Дверь. Откуда взялась дверь? Откуда бы она ни взялась, сквозь нее, окровавленный, как новорожденный младенец, выскочил Лоботряс из Лизоблюда! Закапывая все вокруг кровью! В черных одеждах! Растрепанные волосы цвета воронова крыла взлетают, словно лезвие боевого топора! А топор он держит в клыках, длинных, как целый дракон! И его глаза налиты кровью, кровью обагрено его сердце – кровью орла, убитого для трапезы.., а потом – потом тьма, и тьма, и тьма…
Питер проснулся от звука китайского гонга. Гонг зазвучал вновь – звон огромного листа железа, по которому кто-то колотил тупым орудием. «Вот таким же тупым орудием лорд Вимсей крушил черепушки своих жертв», – подумал Питер, не в силах открыть глаза.
В висках у него бешено стучало. Страшнейший из снов выветрился из его памяти прежде, чем он успел вспомнить о нем при свете дня. Питер разлепил глаза, сел, поежился – воздух был прохладен.
«Грязные римские свиньи, перепачкавшие Камланн своими…»
Питер охнул, схватился за живот. Еще никогда в жизни ему так сильно не хотелось помочиться! Он же сейчас разорвется!
В ужасе он обшарил комнату глазами в поисках хоть какой-нибудь емкости.

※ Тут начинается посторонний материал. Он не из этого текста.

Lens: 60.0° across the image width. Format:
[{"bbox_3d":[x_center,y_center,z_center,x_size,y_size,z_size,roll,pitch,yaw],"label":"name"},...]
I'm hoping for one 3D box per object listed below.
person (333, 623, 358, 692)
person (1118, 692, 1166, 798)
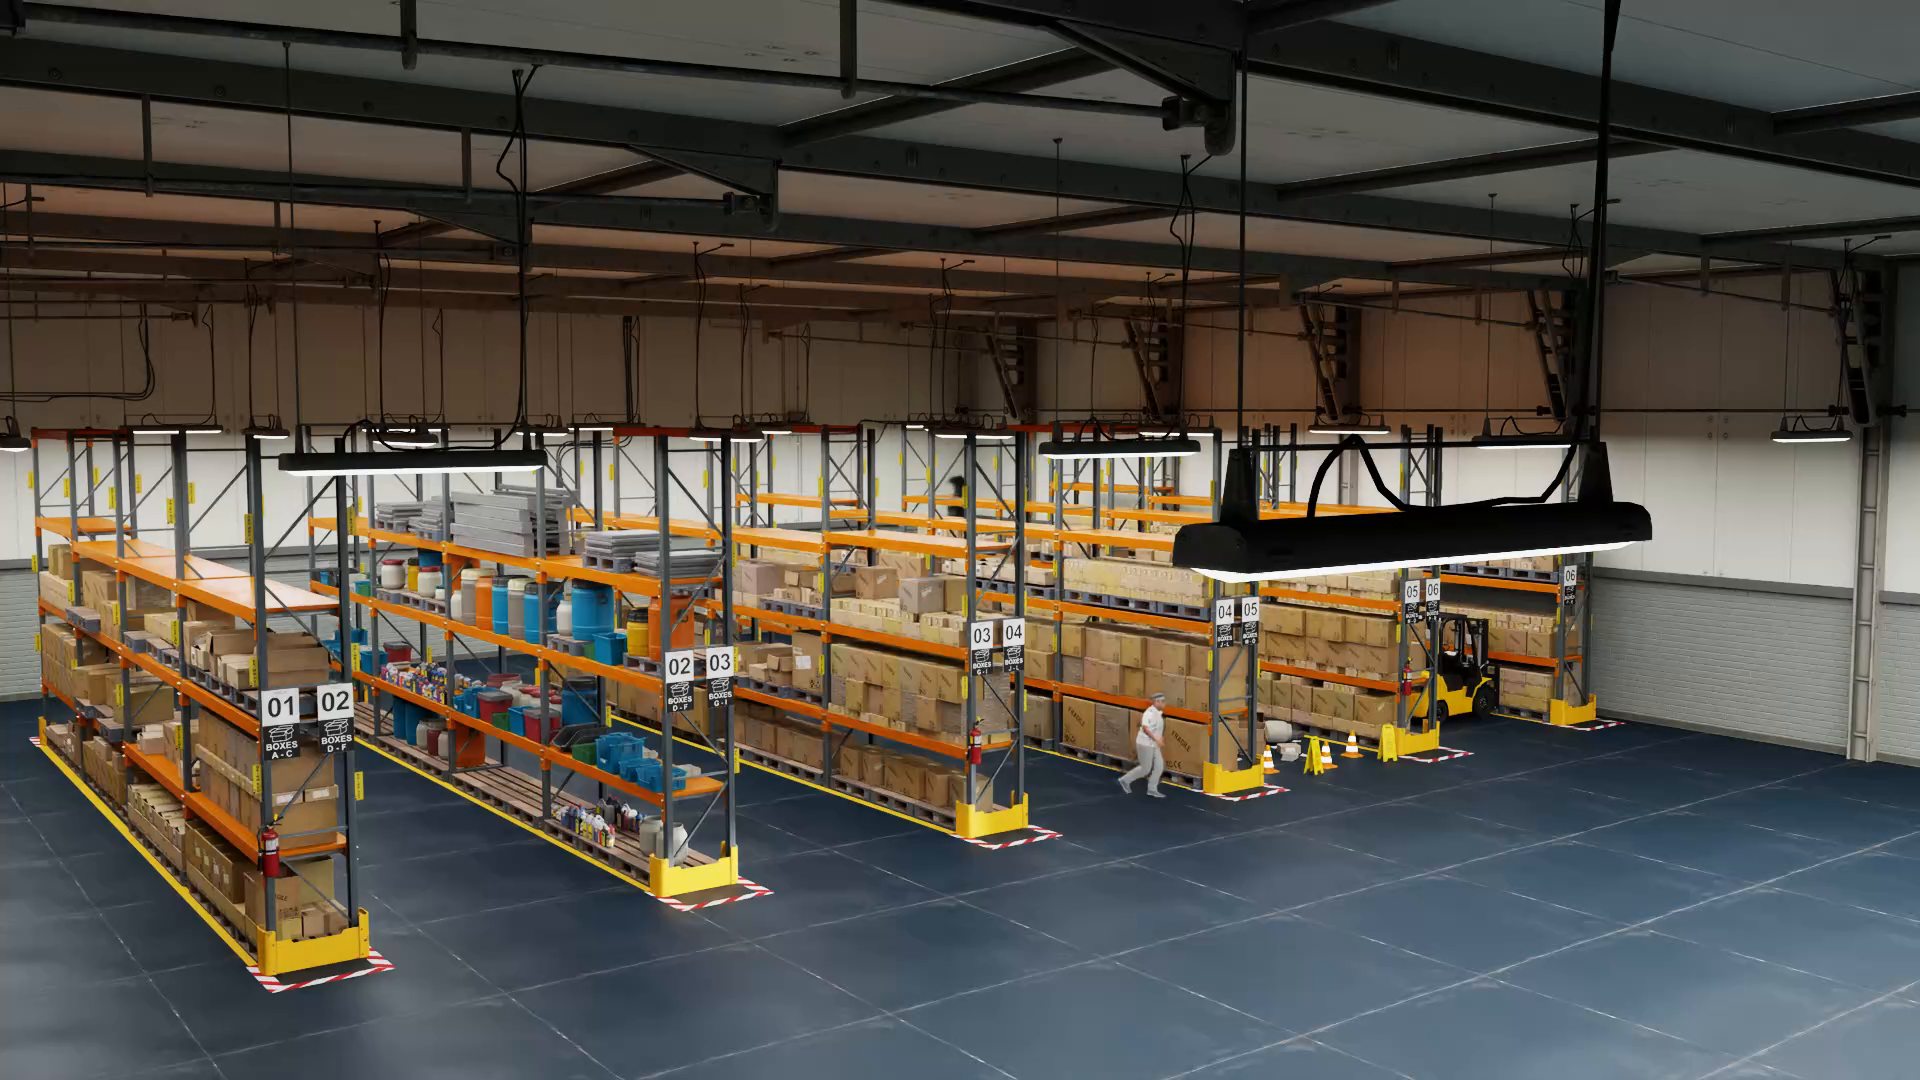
[{"bbox_3d":[-13.232,2.638,35.767,0.961,1.749,0.710,-1,5,-13],"label":"person"},{"bbox_3d":[3.020,3.343,27.262,0.785,1.739,0.667,2,5,26],"label":"person"}]
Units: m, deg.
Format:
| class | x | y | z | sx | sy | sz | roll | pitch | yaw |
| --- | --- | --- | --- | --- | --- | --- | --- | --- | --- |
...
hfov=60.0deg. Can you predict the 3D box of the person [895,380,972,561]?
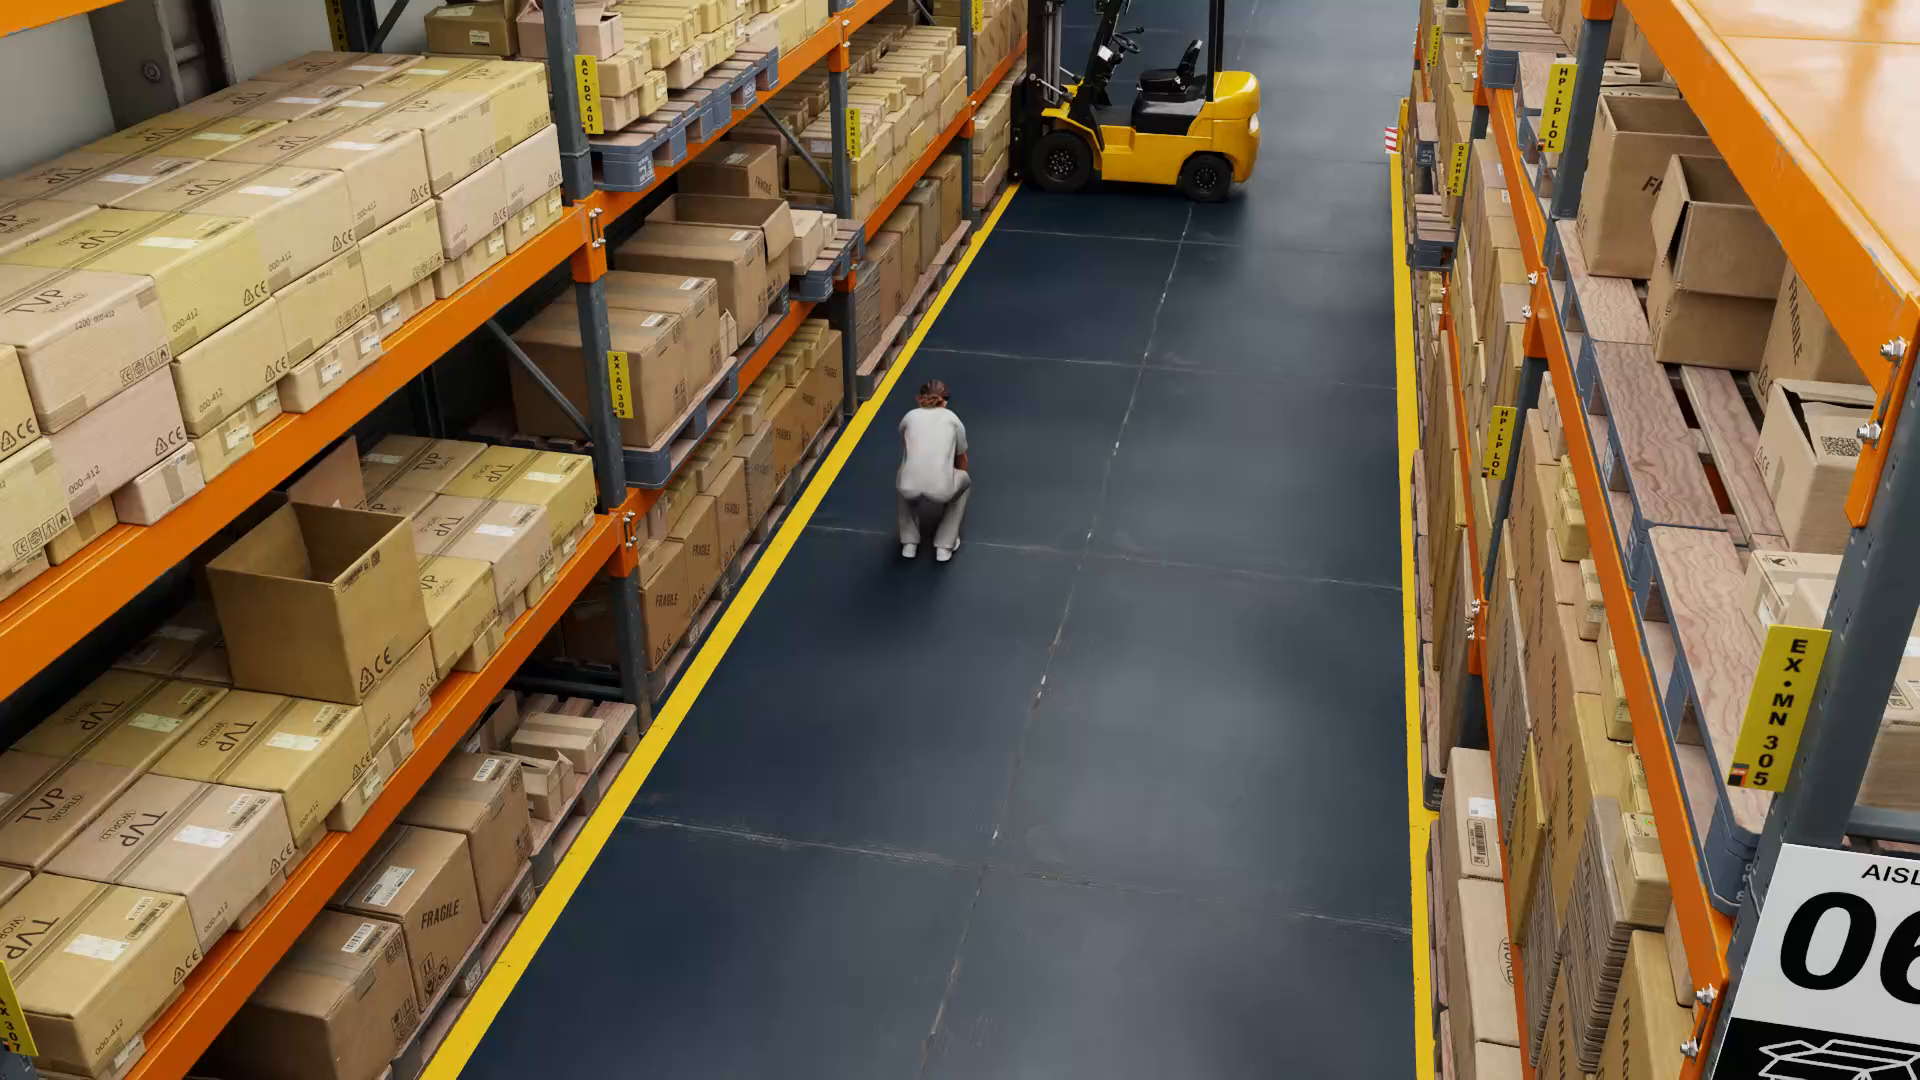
| class | x | y | z | sx | sy | sz | roll | pitch | yaw |
| --- | --- | --- | --- | --- | --- | --- | --- | --- | --- |
| person | -0.170 | -0.417 | 10.136 | 0.460 | 0.940 | 0.827 | 4 | 29 | 8 |
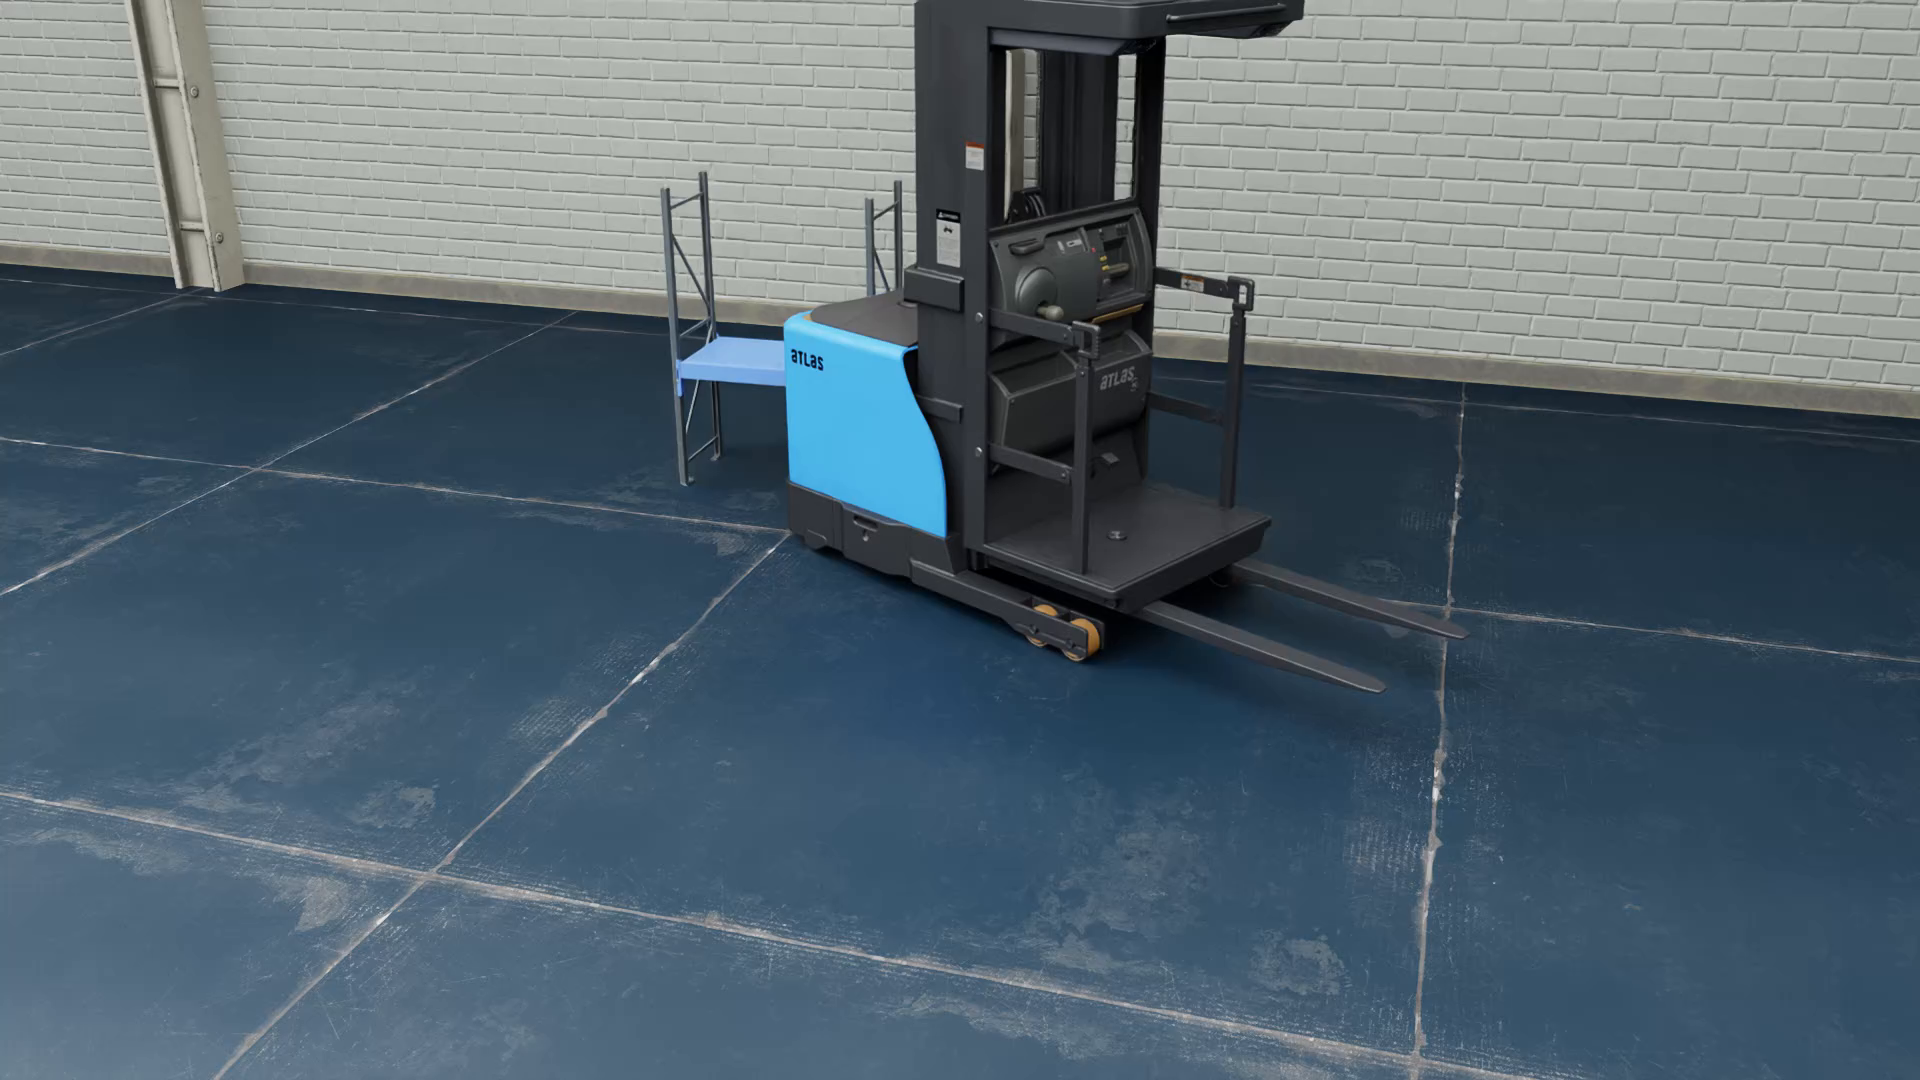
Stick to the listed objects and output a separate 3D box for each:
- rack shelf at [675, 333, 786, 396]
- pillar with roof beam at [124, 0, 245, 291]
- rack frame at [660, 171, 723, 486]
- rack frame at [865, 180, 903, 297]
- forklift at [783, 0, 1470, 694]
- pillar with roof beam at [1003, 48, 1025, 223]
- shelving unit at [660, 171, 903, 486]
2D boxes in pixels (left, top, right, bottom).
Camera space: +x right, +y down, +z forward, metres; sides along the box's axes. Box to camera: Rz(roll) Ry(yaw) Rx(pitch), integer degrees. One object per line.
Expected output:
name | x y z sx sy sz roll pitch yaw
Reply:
rack shelf | -0.852 -0.845 8.328 1.000 0.185 0.538 6 23 14
pillar with roof beam | -6.826 -4.503 6.891 0.400 9.000 9.100 7 23 16
rack frame | -1.343 -1.061 8.381 0.032 1.500 0.500 6 23 14
rack frame | -0.361 -0.962 8.139 0.032 1.500 0.500 6 23 14
forklift | 0.615 -1.099 6.586 3.031 2.935 1.130 20 30 40
pillar with roof beam | -1.082 -3.846 5.288 0.400 9.000 9.100 7 23 16
shelving unit | -0.852 -1.012 8.260 1.048 1.500 0.538 6 23 14

– Горшок} – прошептал он. – Нет, не горшок, как же они это тогда называли? Ночная ваза, и она должна стоять под кроватью!
Питер попытался заглянуть под кровать и понял, что заглянуть «под» нее нет никакой возможности. Он встал, дважды обшарил комнату, истекая потом. Наконец нашел высокую прямую вазу с засохшими цветами. Он выдернул из нее сухие стебли, задрал тунику. Он едва успел поднести вазу туда, куда следовало, Наконец он громко облегченно вздохнул – ваза чуть ли не до краев наполнилась переработанным вчерашним элем и вином. Он бросил взгляд на занавешенную дверь и заметил низко висящую полку, на которой стоял наполненный водой тазик и пустая.., ночная ваза.
Стены казались ему незнакомыми, напоминали стены тюремной камеры. Но нет, почему незнакомыми! Привычные, как старые друзья! Он протер глаза, умылся ледяной водой из тазика.
«Какие они цивилизованные, какие современные – эти римские рыцари, я и не ожи…»
Чувствовал себя Питер, как с глубочайшего похмелья.
«Господи, что же они подсыпают в это вино? Я же собирался только притвориться пьяным!»
«Это все грязные римские свиньи! Это они, они пачкают наши души гадкими законами и заставляют нас поклоняться порочным полубогам!»